Separate your colors into “shadows”, “midtones” and “lights” (value wise) and use different brushes for each type. When you have used a brush for the shadows with a heavy umber or blue color and then using it for the lights will tone it down very quickly and mudden the saturation of the very subtle color you had in the lights in the first place. You can then further separate brushes by hue (red, yellow, blue). The color you should protect and isolate most is yellow, because that’s the most sensitive (the spectral presence of yellow is very small and so it’s very easy to pull it to either red or blue).
I don’t know that much about oil pastels, but when I do my painting I’m also not using the brush cleaner each and every time I put color on.
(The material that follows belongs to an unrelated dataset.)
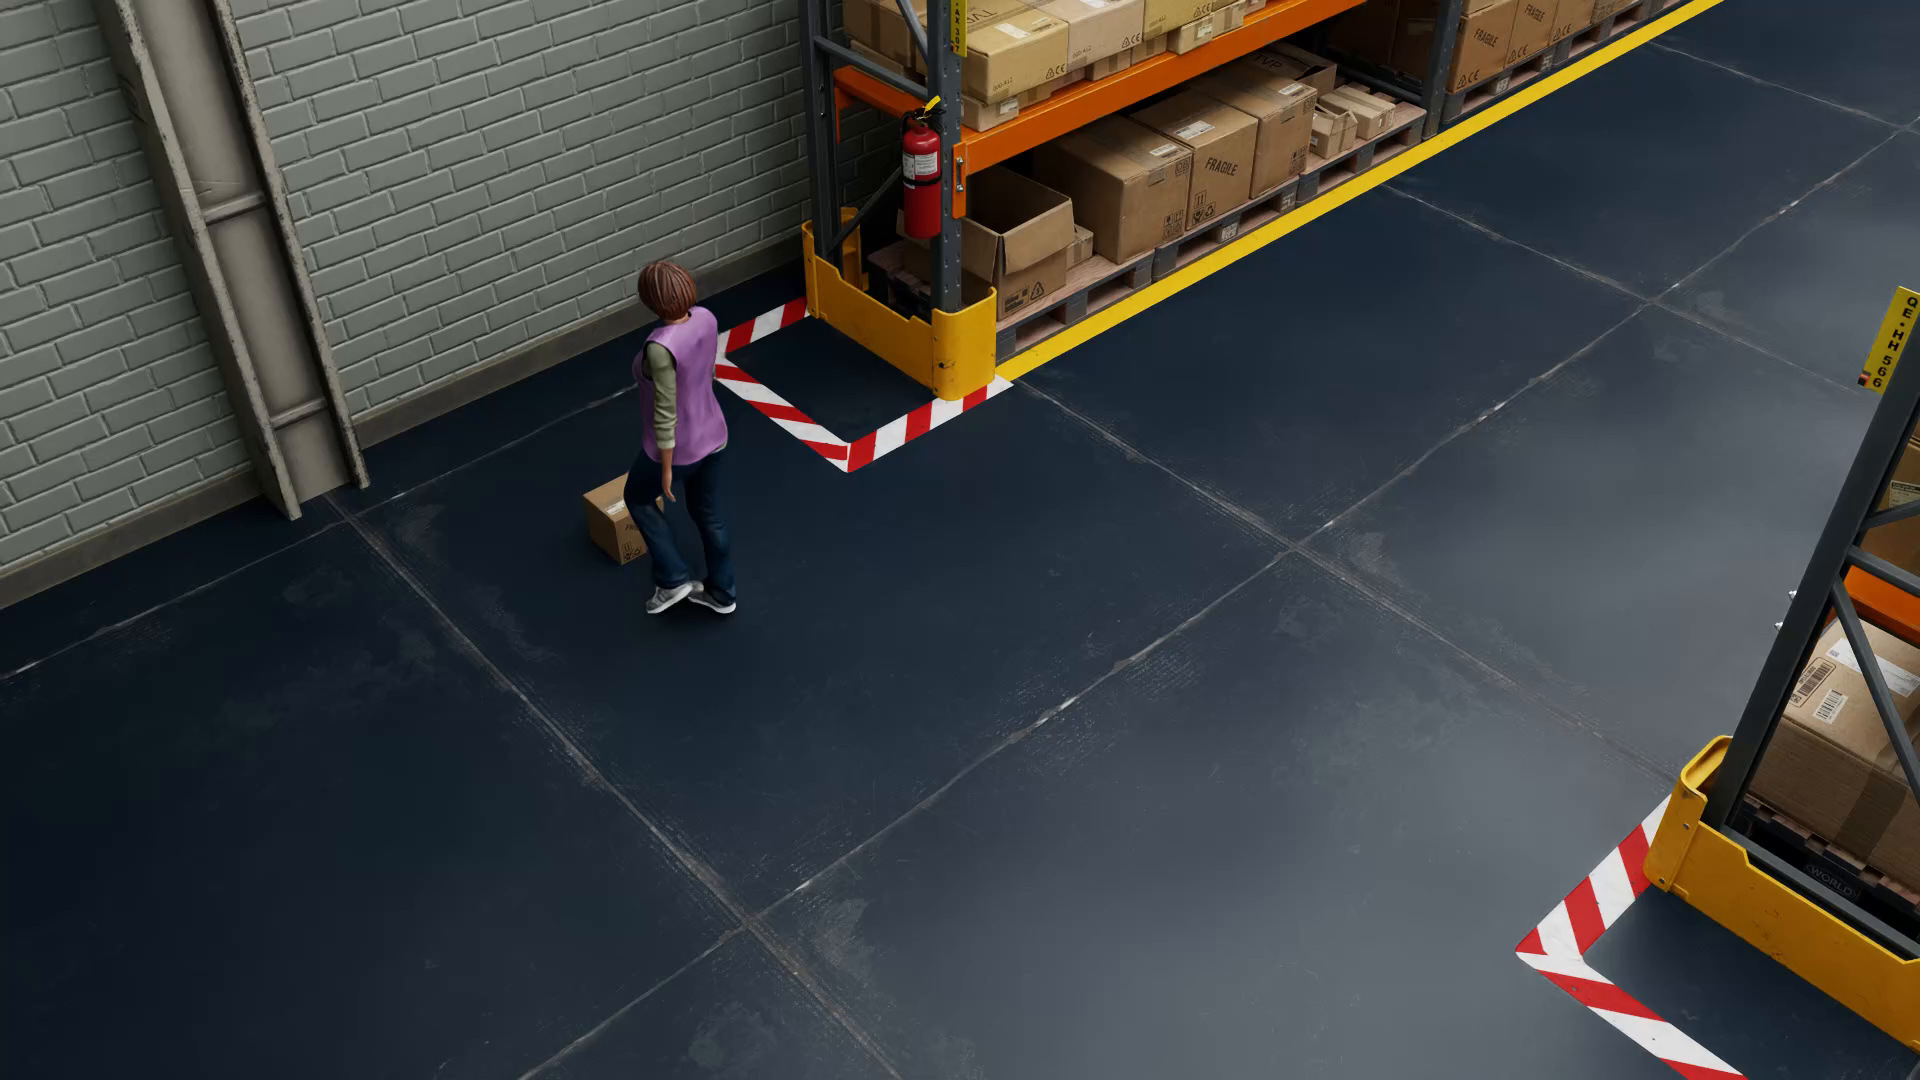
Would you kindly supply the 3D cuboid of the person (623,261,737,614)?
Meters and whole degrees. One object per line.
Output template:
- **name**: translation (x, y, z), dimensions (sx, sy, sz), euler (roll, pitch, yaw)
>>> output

The brush cleaner (in my case a jar of mineral spirits) contains a solvent plus all the colors combined, so it would definitely muddy out the colors for every brush I put in it. I like to separate my brushes as above, sometimes split them out a bit more by hue and then at intervals clean them with a bar of painter’s soap inbetween when I move to a different section of the painting.
General idea: look for moments in your workflow where you this muddying happens in the shadows with midtones and highlights or the hues. Then introduce methods to separate between the values and hues in those stages by intermediate (proper) cleaning or adopting a different workflow to how you achieve the overall goal.
If you don’t have the money or the practical availability of models, then photographs are definitely ok. What all the others said in this thread, but also… A photograph is a fleeting moment in time, the best that your painting can do is capture that fleeting moment instead of the living, breathing, moving subject that you have available in capturing from life. The number one thing is “are you enjoying yourself with your creative abilities?”. If yes, then it’s ok. Even with photography there are many challenges to overcome. The typical photograph is overlit, uses fill lights to kill all the shadows, leaving your subject in one mass of midtone and highlight that’s difficult to make a good portrait of. Photography for painting is different from “photography” itself.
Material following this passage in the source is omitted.